## RECORDS SUPPLIED
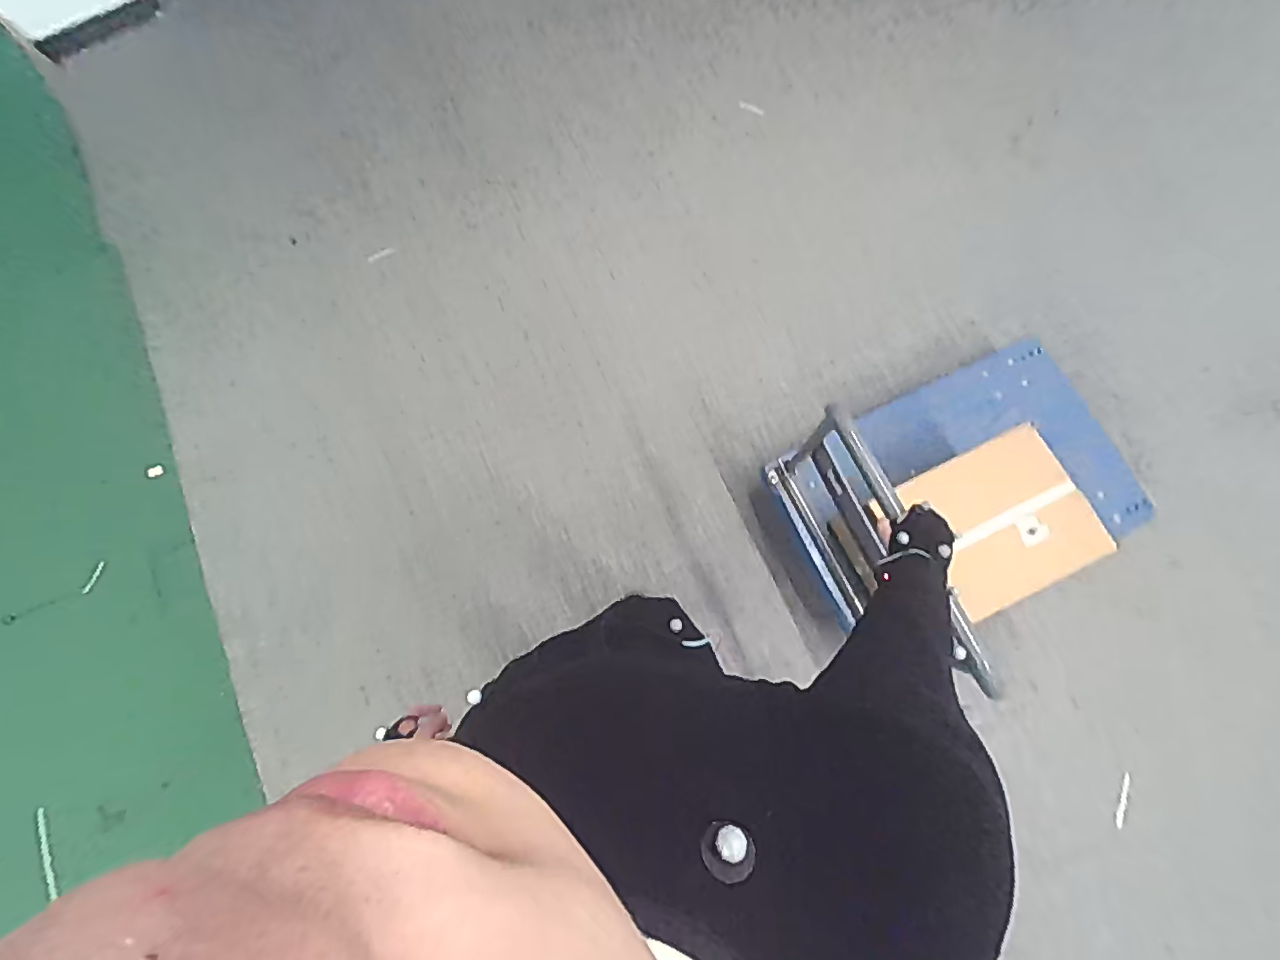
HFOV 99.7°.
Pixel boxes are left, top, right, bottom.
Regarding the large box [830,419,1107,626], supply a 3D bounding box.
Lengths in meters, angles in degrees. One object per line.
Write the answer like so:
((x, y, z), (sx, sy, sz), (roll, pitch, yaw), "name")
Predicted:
((0.743, 0.116, 1.296), (0.408, 0.320, 0.320), (-26, 79, -3), "large box")
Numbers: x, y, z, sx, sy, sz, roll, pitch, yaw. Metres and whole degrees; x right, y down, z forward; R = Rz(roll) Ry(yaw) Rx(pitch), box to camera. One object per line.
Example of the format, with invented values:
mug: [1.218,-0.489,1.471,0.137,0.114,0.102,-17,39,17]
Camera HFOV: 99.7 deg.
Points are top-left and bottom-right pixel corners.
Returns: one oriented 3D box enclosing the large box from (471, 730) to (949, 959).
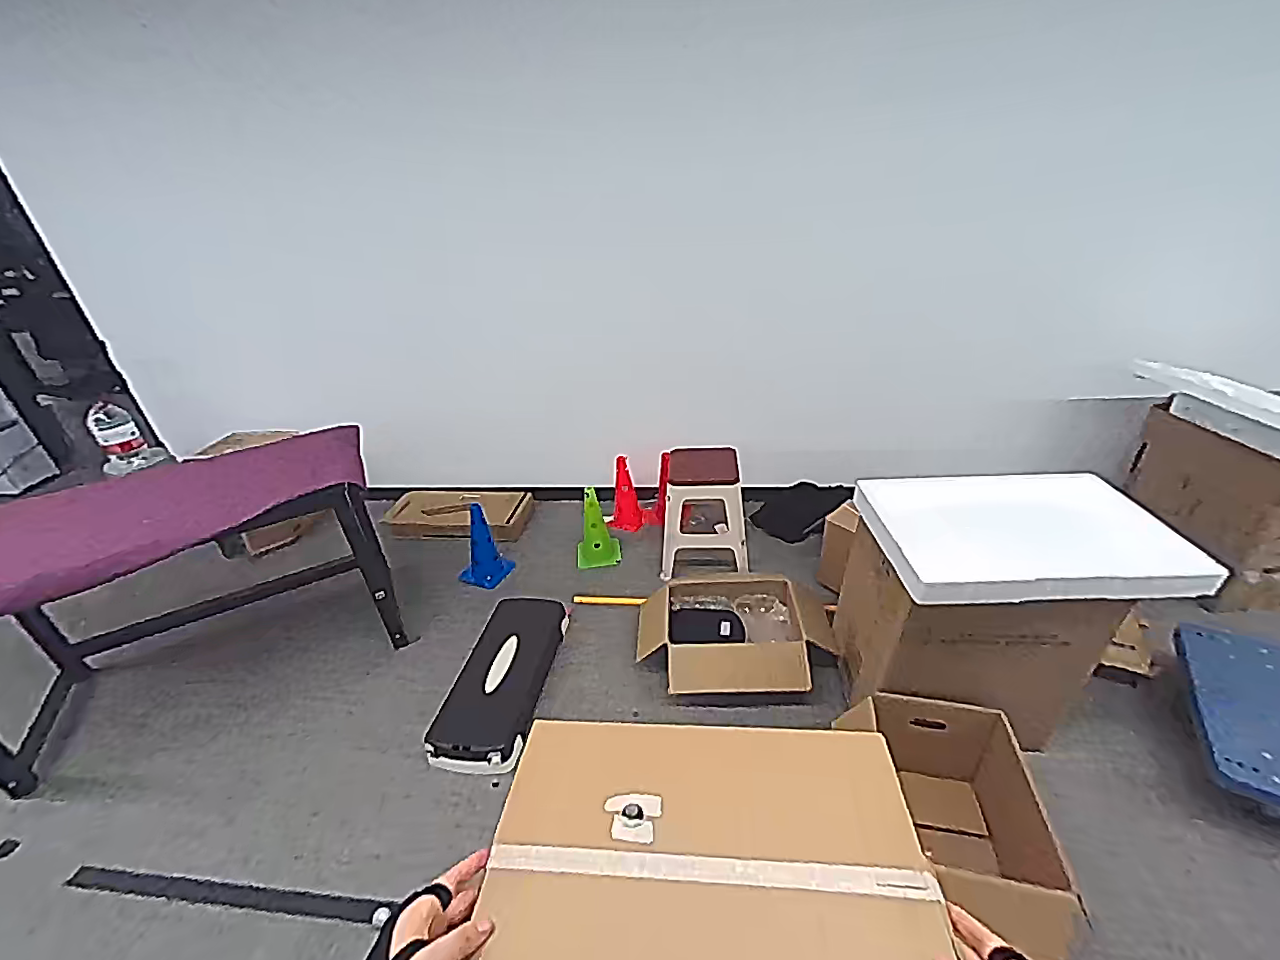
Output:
large box: [0.074,0.500,0.572,0.408,0.320,0.320,-3,26,7]
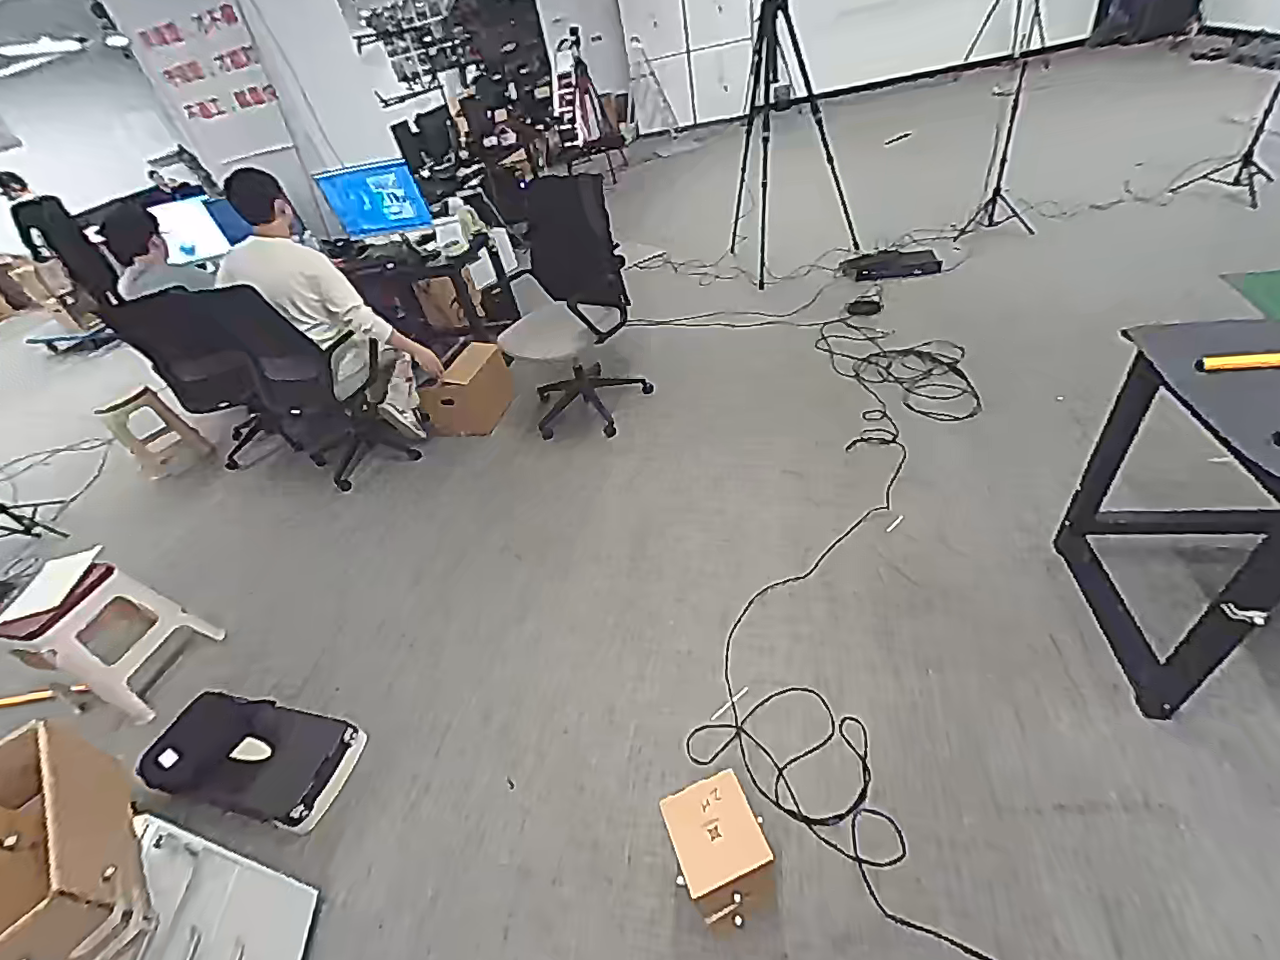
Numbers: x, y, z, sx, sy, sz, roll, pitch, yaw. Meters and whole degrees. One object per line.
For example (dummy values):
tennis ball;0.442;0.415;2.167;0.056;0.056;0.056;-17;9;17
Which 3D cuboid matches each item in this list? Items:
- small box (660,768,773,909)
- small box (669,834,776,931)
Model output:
small box;0.157;0.727;1.090;0.168;0.176;0.179;-21;40;-8
small box;0.186;0.852;1.194;0.168;0.176;0.179;-25;41;-12

## ABOUT THIS TASK
All that is needed is the lines from the line holding "Returns: one oriented" to the final line of the listing above, repeated exactly, pictures excluded.

## ANSWER AREA
Returns: one oriented 3D box enclosing the large box from (471, 730) to (949, 959).
Output:
large box: [0.074,0.500,0.572,0.408,0.320,0.320,-3,26,7]
Numbers: x, y, z, sx, sy, sz, roll, pitch, yaw. Meters and whole degrees. One object per line.
For example (dummy values):
tennis ball;0.442;0.415;2.167;0.056;0.056;0.056;-17;9;17
Which 3D cuboid matches each item in this list? Items:
- small box (660,768,773,909)
- small box (669,834,776,931)
Model output:
small box;0.157;0.727;1.090;0.168;0.176;0.179;-21;40;-8
small box;0.186;0.852;1.194;0.168;0.176;0.179;-25;41;-12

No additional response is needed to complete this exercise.